Agent side — forward stderr + exit code when the Bash call fails
plugins/codex/agents/codex-rescue.md:42, replace:
"If the Bash call fails or Codex cannot be invoked, return nothing."
with:
"Invoke the Bash call as
node \"\${CLAUDE_PLUGIN_ROOT}/scripts/codex-companion.mjs\" task ... 2>&1. If the command exits non-zero, return the captured combined output verbatim along with the exit code. Do not interpret, retry, or add commentary."
Two independent guarantees: companion always emits something parseable on stdout, and the agent surfaces whatever it gets even if the companion misbehaves. Either layer alone closes most of the failure surface; both together close all of it.
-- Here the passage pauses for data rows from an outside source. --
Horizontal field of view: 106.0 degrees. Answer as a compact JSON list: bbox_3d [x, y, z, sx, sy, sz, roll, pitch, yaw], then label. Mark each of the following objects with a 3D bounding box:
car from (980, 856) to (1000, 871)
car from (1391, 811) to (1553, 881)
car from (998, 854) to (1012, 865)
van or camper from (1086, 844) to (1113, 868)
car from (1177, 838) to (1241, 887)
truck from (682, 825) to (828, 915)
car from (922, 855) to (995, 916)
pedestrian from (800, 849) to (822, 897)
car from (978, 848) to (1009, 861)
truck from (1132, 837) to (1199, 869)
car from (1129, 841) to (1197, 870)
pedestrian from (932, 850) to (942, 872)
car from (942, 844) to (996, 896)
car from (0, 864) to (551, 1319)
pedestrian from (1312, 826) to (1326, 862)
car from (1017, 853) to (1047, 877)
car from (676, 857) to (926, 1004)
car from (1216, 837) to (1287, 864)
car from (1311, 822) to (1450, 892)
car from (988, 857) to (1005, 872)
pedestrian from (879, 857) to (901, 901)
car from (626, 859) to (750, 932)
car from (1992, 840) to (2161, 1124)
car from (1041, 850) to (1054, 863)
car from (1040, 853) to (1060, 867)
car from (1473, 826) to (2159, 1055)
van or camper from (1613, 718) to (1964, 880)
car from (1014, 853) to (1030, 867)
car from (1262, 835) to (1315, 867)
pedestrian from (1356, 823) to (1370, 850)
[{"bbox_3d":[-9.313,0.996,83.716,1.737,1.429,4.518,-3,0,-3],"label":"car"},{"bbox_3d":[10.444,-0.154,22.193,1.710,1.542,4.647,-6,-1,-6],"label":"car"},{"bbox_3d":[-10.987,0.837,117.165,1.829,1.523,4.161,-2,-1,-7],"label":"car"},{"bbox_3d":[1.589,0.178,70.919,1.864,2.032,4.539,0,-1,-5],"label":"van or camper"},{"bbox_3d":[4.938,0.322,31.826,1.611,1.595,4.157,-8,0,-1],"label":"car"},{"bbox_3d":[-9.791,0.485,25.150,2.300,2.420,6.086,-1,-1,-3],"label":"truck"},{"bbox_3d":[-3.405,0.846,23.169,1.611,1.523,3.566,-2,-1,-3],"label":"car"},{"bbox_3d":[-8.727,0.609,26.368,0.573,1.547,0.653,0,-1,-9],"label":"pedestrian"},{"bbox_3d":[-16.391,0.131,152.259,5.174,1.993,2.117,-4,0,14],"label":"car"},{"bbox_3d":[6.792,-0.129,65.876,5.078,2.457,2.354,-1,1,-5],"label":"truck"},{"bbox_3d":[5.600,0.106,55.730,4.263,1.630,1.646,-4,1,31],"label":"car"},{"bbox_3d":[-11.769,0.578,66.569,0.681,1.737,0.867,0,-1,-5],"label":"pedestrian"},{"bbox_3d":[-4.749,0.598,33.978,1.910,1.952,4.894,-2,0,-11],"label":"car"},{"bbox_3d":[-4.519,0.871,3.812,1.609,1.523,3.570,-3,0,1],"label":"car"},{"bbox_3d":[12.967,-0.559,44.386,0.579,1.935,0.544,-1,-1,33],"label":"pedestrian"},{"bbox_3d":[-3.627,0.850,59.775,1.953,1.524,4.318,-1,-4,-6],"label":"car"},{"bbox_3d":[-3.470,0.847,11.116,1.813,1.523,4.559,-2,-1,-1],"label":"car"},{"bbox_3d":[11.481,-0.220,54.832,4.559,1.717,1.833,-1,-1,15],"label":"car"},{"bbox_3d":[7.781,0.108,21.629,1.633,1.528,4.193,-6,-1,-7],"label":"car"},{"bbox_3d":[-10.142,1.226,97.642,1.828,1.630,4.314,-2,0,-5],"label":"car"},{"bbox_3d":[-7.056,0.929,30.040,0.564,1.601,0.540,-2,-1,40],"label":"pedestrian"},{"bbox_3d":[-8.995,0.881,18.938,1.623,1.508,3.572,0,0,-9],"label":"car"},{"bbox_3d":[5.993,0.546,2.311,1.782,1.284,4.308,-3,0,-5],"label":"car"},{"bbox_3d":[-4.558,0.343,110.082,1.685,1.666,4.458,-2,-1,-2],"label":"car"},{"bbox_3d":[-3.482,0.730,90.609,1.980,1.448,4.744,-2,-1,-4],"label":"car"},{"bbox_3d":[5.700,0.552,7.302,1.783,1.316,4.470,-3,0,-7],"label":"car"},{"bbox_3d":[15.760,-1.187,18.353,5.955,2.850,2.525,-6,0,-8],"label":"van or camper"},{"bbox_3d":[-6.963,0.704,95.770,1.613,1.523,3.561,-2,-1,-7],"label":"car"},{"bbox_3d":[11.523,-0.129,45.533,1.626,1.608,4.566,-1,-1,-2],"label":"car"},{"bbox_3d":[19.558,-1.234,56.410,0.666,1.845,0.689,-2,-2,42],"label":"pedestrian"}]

Optional: add a smoke test
A CI check that runs codex-companion.mjs task with a known-bad workspace (e.g., chmod-stripped .git) and asserts the stdout is non-empty would prevent this class of regression.
Cross-reference
- codex:codex-rescue subagent returns stub instead of actual task output #324 (silent path Add Gemini CLI extension commands #1 : stub instead of result) — different failure surface, same theme
- Large prompt to codex:codex-rescue is silently rejected as 'user denied' with no user prompt; Claude Code cannot recover #308 (silent path Review fails due to unknown sandboxing variant #3 : large prompt rejected as "user denied") — different cause, same observability gap
- Windows: /codex:review and /codex:rescue silently return empty results because plugin forces broken sandbox modes #349 (Windows: forced sandbox modes → empty results) — platform-specific silent failure
Common thread across all four: codex-rescue has no error contract with its caller. Worth thinking about as a class of bugs, not as four independent fixes.